Hay corredores que, cuando se sienten bien, aumentan rápidamente kilómetros e intensidad. Otros repiten siempre las mismas sesiones y terminan entrenando por debajo del estímulo que necesitan para progresar.
Un plan estructurado permite encontrar un equilibrio entre carga, intensidad y recuperación.
Y esto es especialmente importante cuando estás preparando objetivos exigentes como una media maratón o un maratón.
3. Trabajas todas las capacidades que necesitas
Es normal que acabemos haciendo aquello que más nos gusta.

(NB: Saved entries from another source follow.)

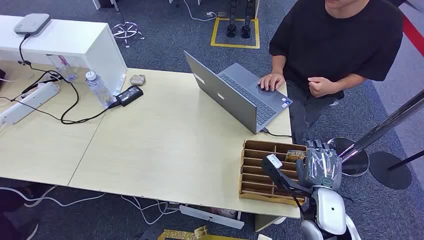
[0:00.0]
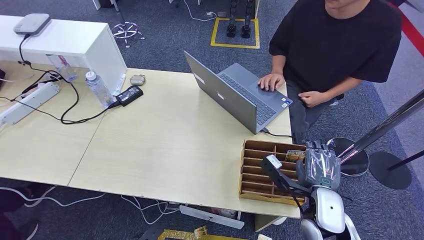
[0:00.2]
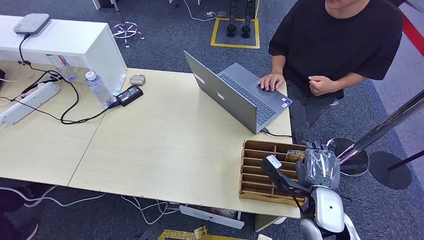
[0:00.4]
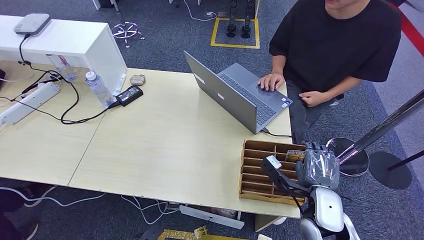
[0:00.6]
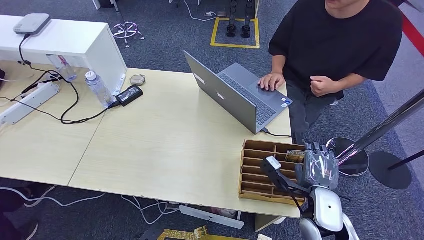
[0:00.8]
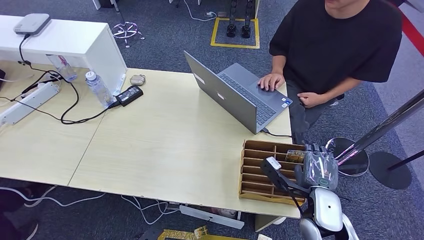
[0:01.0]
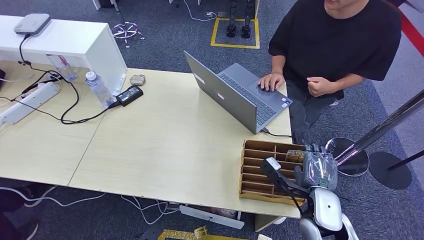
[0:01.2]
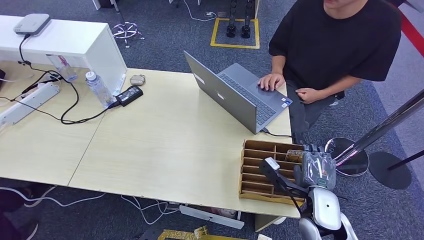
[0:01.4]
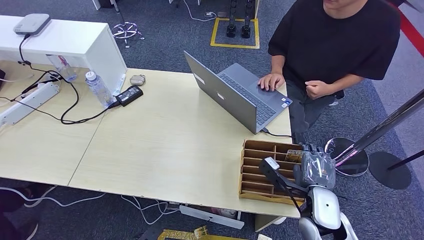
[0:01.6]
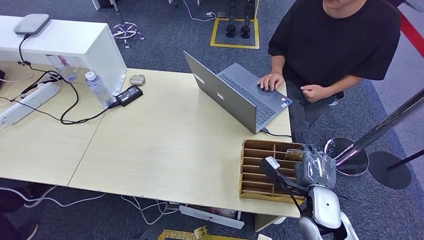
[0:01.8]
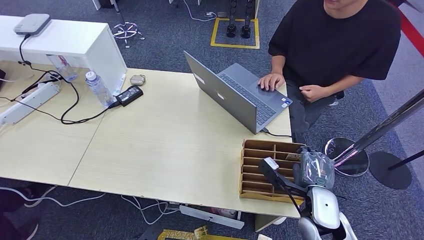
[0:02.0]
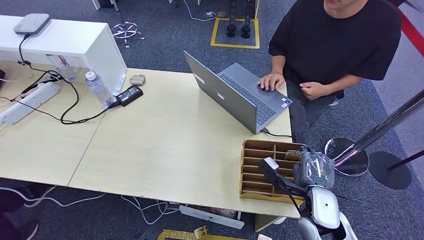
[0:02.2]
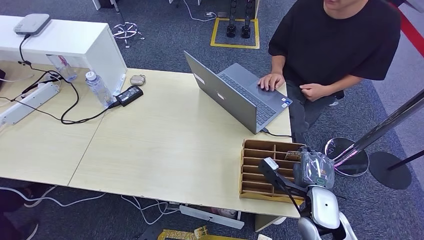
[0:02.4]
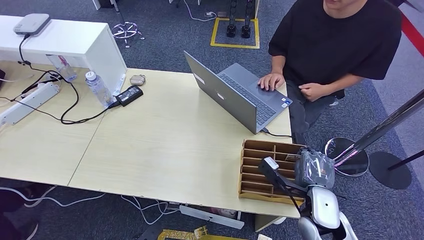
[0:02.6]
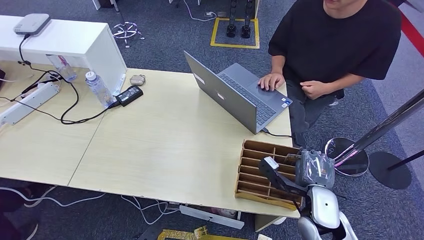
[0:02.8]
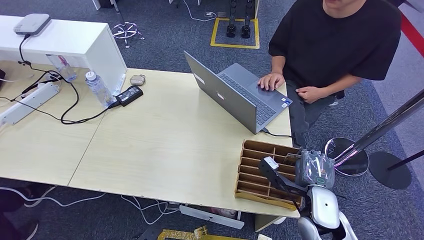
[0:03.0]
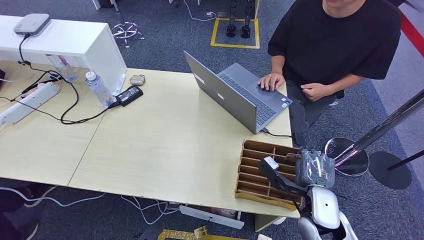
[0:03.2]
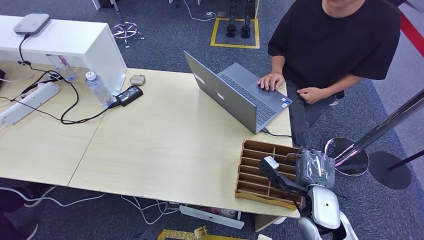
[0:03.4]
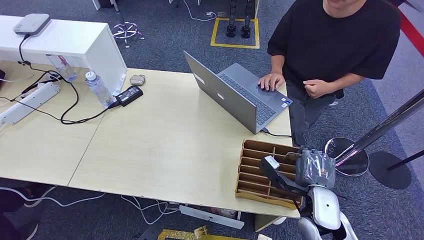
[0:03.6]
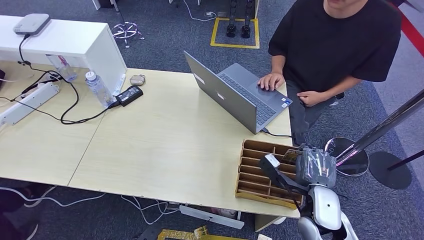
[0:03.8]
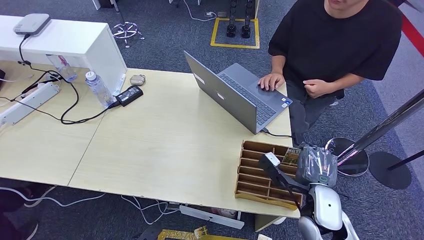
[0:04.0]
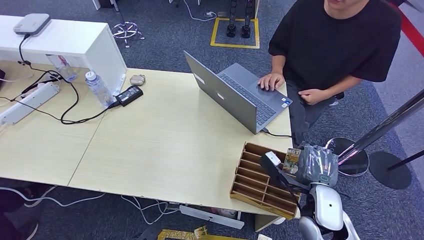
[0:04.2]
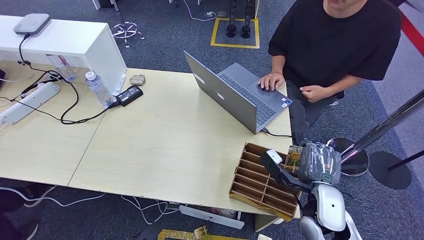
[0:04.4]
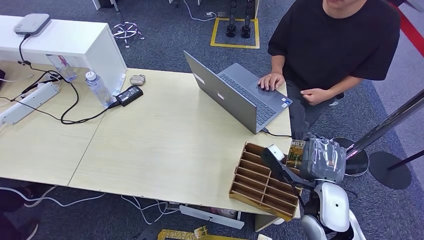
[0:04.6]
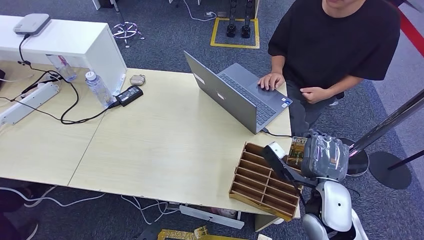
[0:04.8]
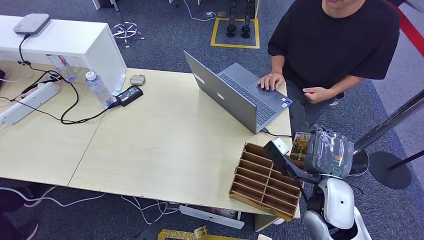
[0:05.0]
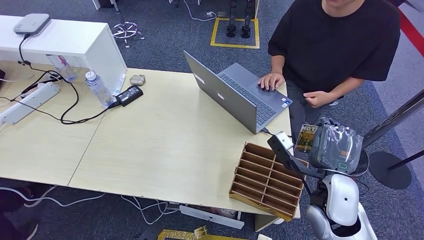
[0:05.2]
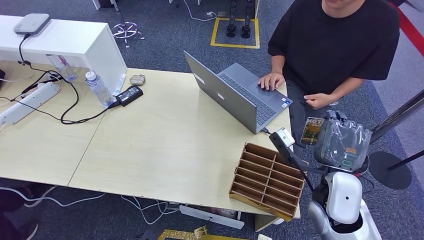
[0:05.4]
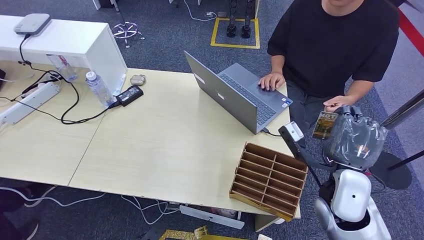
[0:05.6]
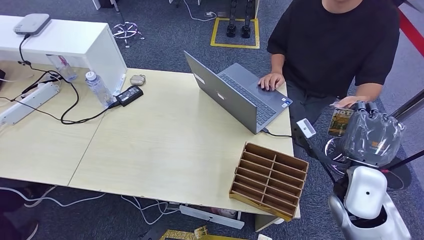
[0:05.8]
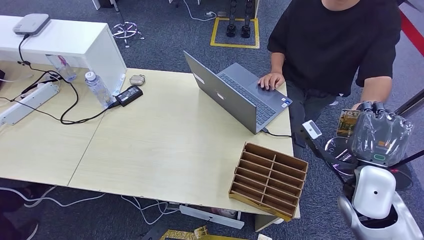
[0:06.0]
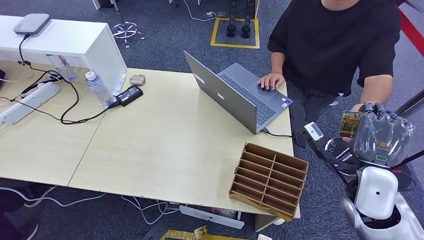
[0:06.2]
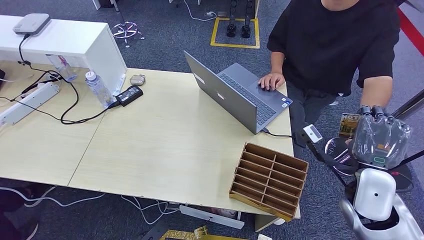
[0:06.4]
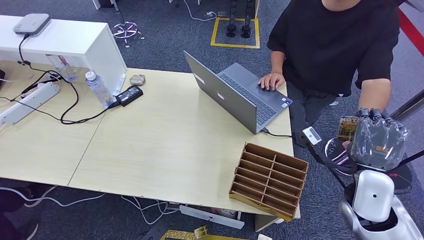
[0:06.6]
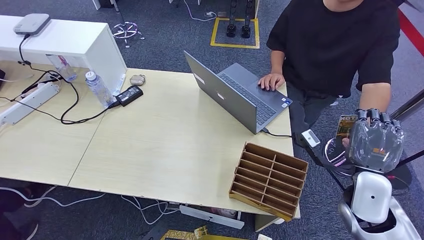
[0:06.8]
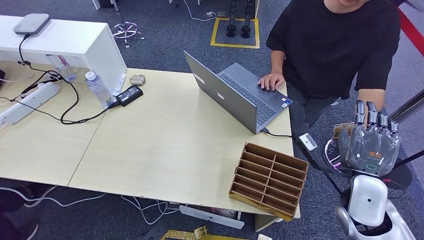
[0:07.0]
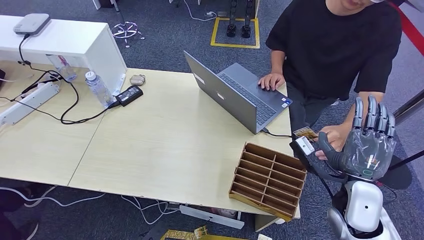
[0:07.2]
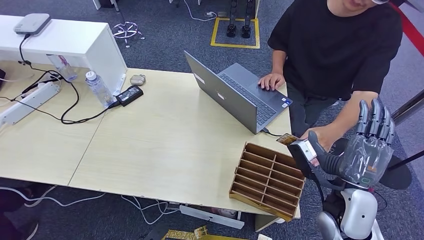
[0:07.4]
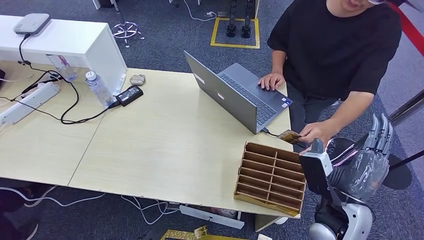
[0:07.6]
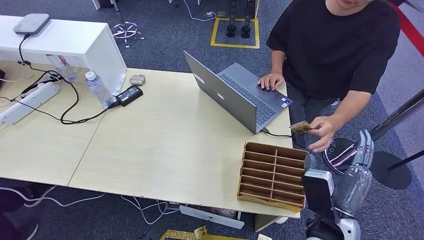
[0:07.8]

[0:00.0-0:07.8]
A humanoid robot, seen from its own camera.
Step, 0:00.0 to 0:05.0: Pick up the key card from the card box.
Step, 0:05.2 to 0:07.8: Hand the key card to the target.
0:01.6 to 0:03.2: Both hands stay put.
0:03.2 to 0:04.6: There are only small adjustments of the hands.
0:04.6 to 0:06.2: The right hand is displaced to the right and upward by roughly 10 cm.
0:06.2 to 0:07.8: The right hand moves backward, downward and to the left, roughly 10 cm.
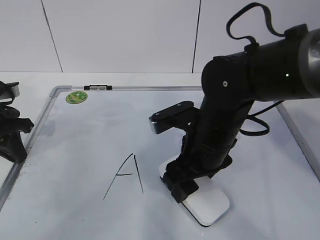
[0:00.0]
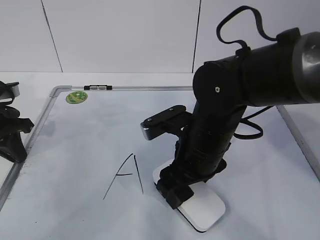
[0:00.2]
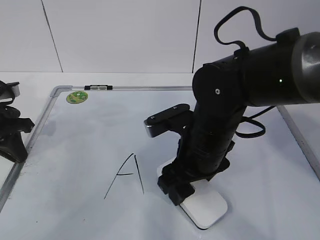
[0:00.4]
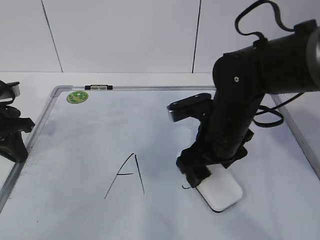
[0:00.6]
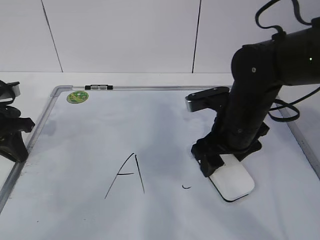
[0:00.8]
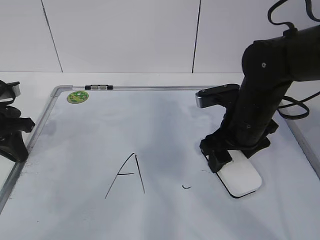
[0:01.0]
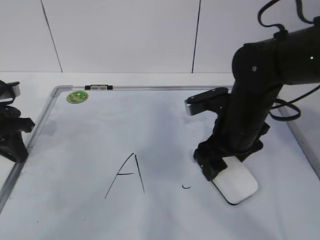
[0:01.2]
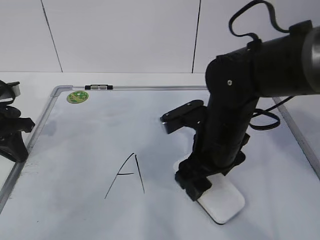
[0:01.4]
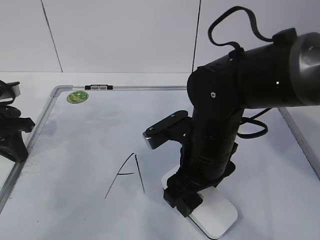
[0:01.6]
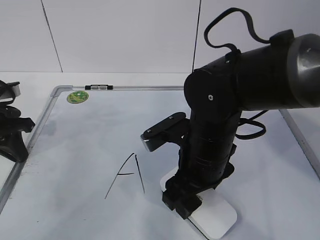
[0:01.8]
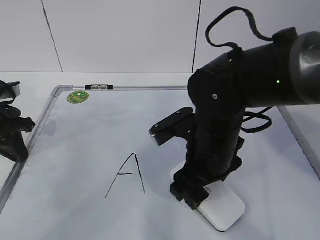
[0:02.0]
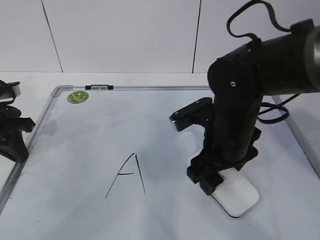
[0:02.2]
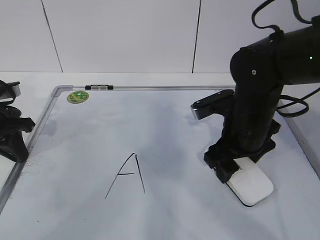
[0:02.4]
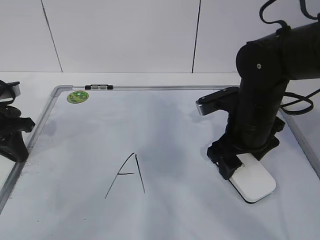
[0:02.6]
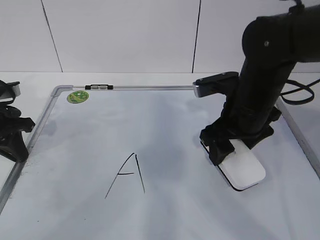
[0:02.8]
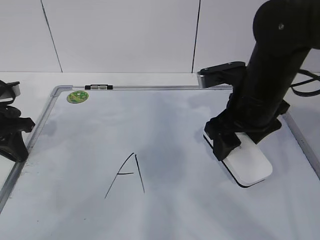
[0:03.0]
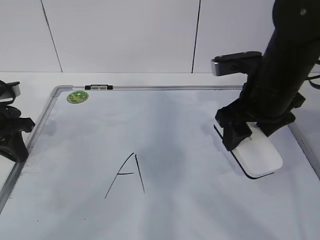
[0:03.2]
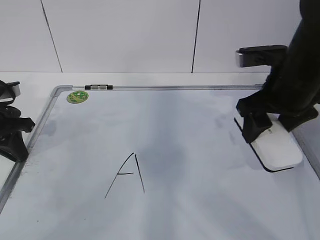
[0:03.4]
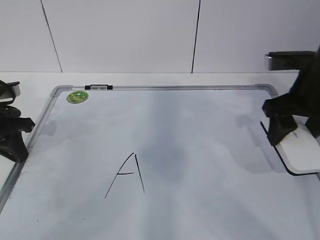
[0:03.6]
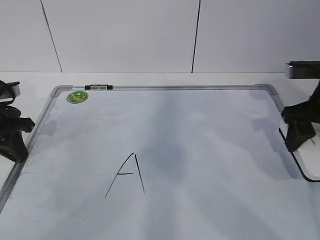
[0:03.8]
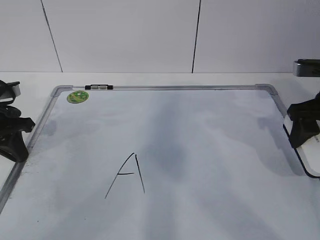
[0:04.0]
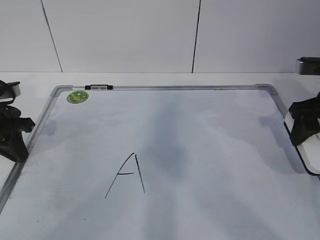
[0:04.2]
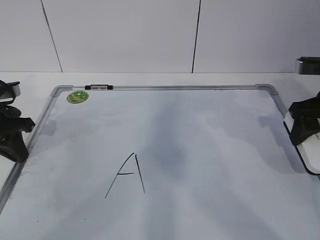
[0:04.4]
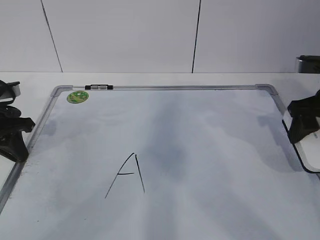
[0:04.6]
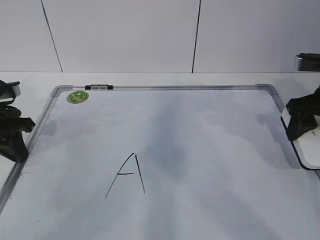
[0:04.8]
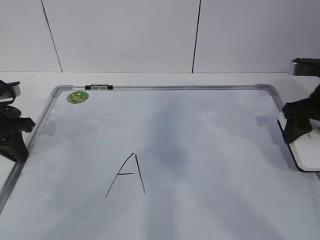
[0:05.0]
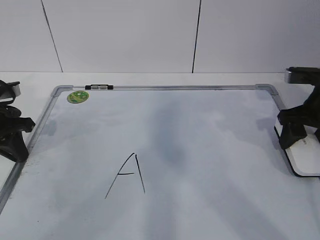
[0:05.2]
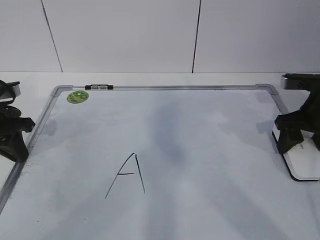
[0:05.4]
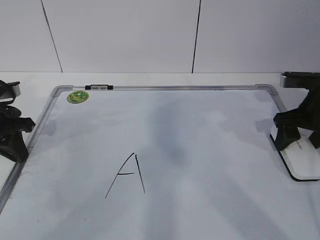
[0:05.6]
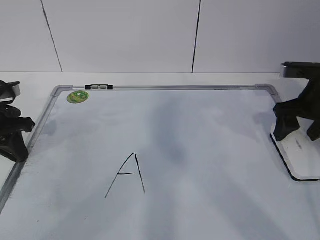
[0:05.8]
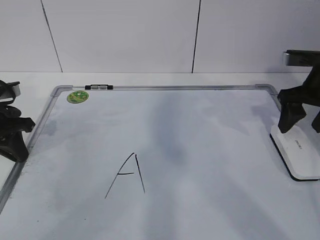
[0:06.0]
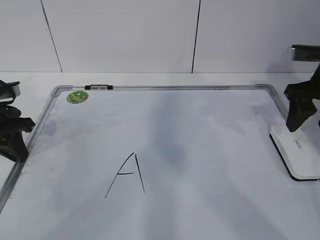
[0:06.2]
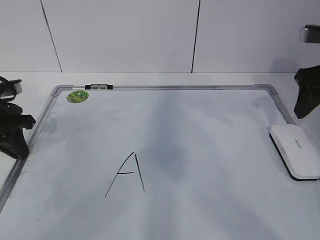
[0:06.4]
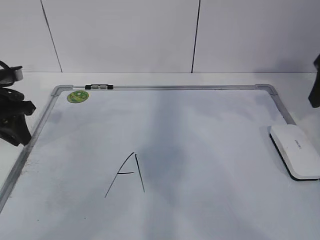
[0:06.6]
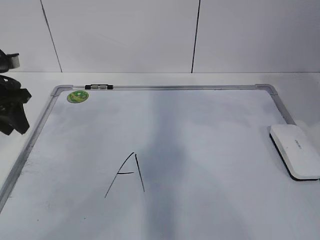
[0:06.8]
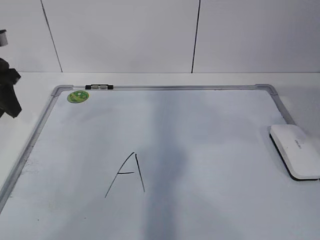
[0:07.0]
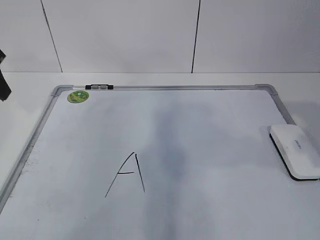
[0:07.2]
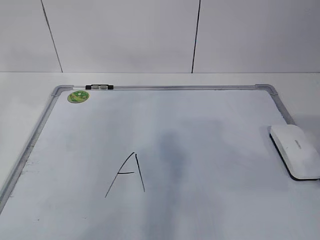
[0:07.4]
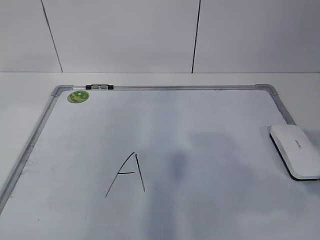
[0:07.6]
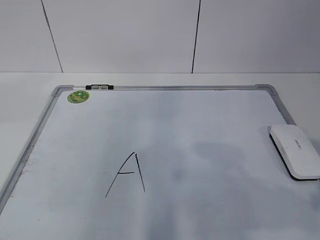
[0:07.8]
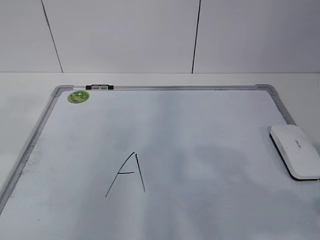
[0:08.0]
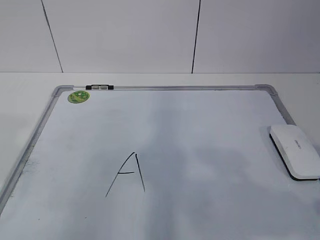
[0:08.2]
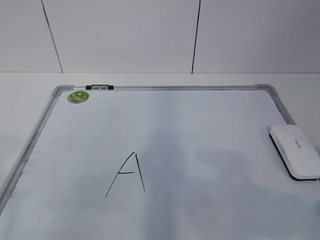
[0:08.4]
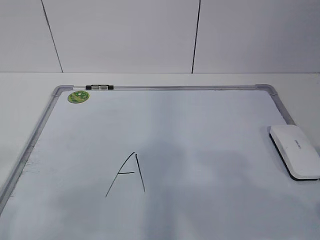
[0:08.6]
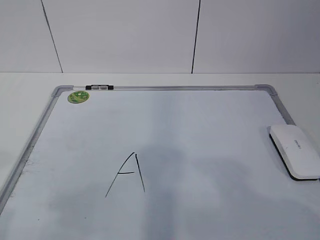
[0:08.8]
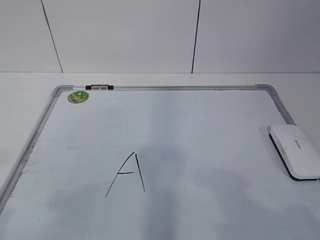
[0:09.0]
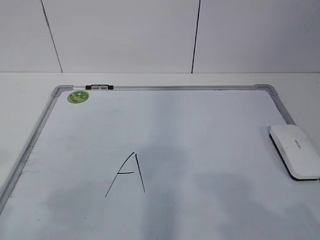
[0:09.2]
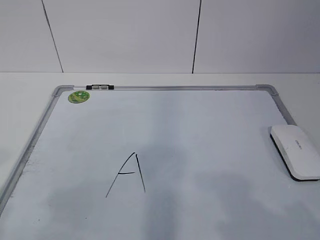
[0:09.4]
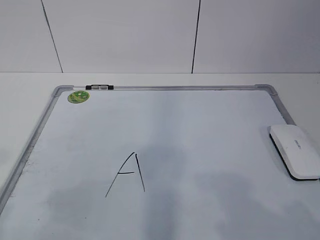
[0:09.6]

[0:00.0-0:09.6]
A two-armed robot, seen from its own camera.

Si disfrutas corriendo rápido, probablemente quieras hacer más entrenamientos intensos. Si prefieres correr tranquilo, puede que evites las sesiones más exigentes.
Pero tu cuerpo no entiende de preferencias.
Una preparación completa debe trabajar diferentes capacidades: base aeróbica, resistencia, ritmos, intensidad, recuperación y control del esfuerzo, entre otras.
La planificación evita que entrenes únicamente aquello que ya se te da bien.
4. Sabes qué tienes que hacer cada día
Tener un plan también elimina una pregunta muy habitual:
“¿Qué entreno hoy?”
Cuando tienes un objetivo y una planificación clara, cada sesión forma parte de un camino.
Sabes qué toca hacer, qué objetivo tiene ese entrenamiento y cómo encaja dentro de tu preparación.
Eso reduce la improvisación y facilita mantener la constancia durante semanas o meses.
5. El plan debe adaptarse a ti, no tú al plan
Aquí está probablemente el punto más importante.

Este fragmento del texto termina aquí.